The history of Arabs extends from circa 1200 BC when Southern Arabian Peninsula was ruled by three successive civilizations: Mineans, who established their capital Karna (1200–650 BC), Sabeans in Marib (1000 BC—570 AD), and the Himyarite (2nd-6th centuries AD) in Dhafar (Oman) [9–11]. These civilizations were built by authentic Yemeni tribes. The kingdom of Kinda was established in Central Arabia in 4th-early 6th century AD, while Dilmun civilization was founded in Eastern Arabia. In 3rd century AD, East African Kingdom of Aksum extended into Yemen and Western Saudi Arabia [12]. In addition, the Lakhmids (Yemeni origin), established a dynasty which ruled part of present-day Iraq and Syria in 300–602 AD [10, 13, 14]. The Arab Christian Ghassanids (220–638 AD), originating from Southern Arabia, migrated in 3rd century to Jordan, where they established their kingdom that extended from Syria to Yathrib (Saudi Arabia)[12.13]. Islam was introduced in 610 AD to Arabian Peninsula. Shortly thereafter, Arabian tribes were united as a single Islamic state in the Arabian Peninsula, which was spear-headed by the Islamic prophet Muhammad. This Islamic state progressively grew in area, and in types and numbers of populations, and extended from Andalusia (Spain) to the west, to Indus in the east [14].

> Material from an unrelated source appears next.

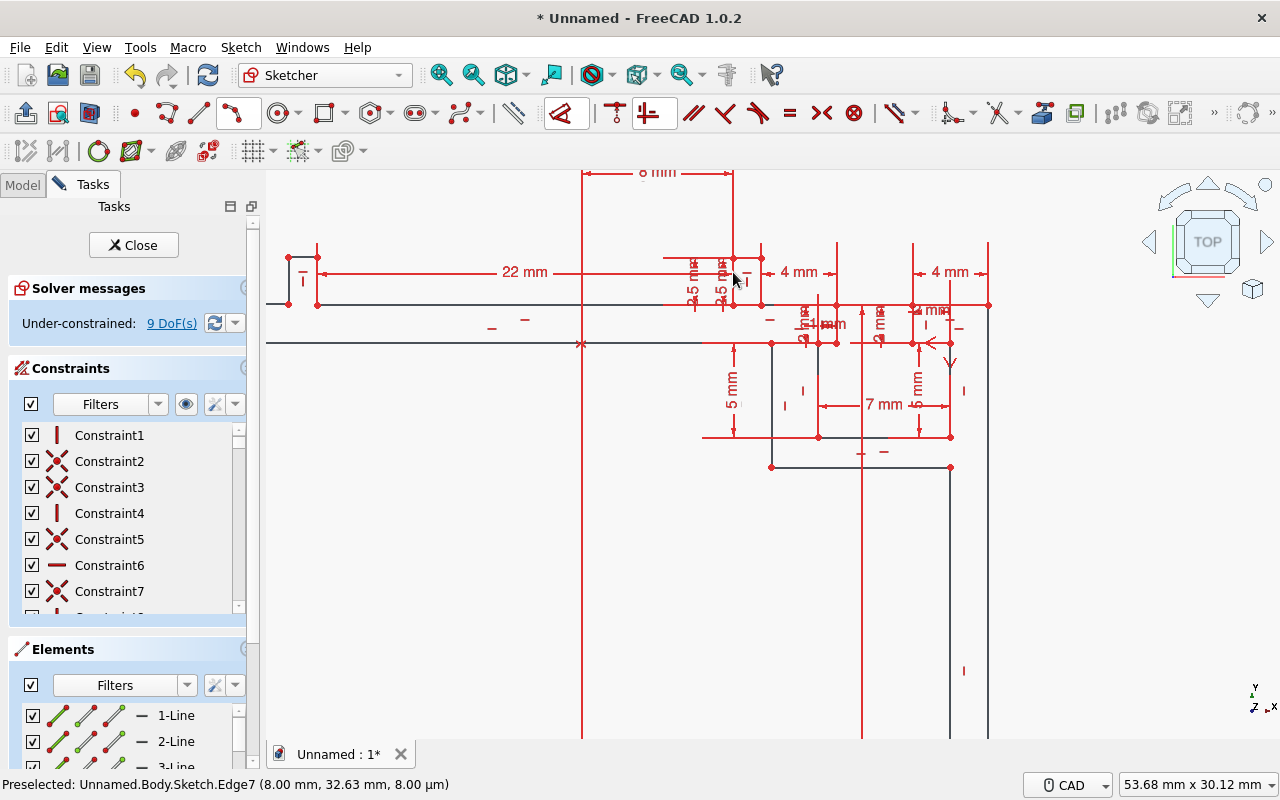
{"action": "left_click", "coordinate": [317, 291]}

Subsequent spread of Islam involved swift invasion of Persia (637-651AD), Iraq, Levant, and Egypt (639 AD), which extended into North Africa (640–709), and to Spain, Portugal, and France (Poitiers) in 8th century AD. Eastwards, Arab expansion to Central Asia, Bukhara (Uzbekistan), Afghanistan (637–709), and the Indus border (664–712) followed. Northwards, Arab invaders were in contact with the Byzantine Empire, and the Caspian and Caucasus to the north [15, 16]. With the Islamic expansion from 7th century, social and political groups were gradually Arabized. The spreading of Arab-Muslim culture was at the expense of local languages (as Berber, Kurdish), especially in Middle East and North Africa, resulting in the Arabized population speaking variants of Arabic, mixed with original languages (dialect). The extent of gene Arab exchange with these autochthonous groups is undetermined but is thought to be lower than religious/cultural influence.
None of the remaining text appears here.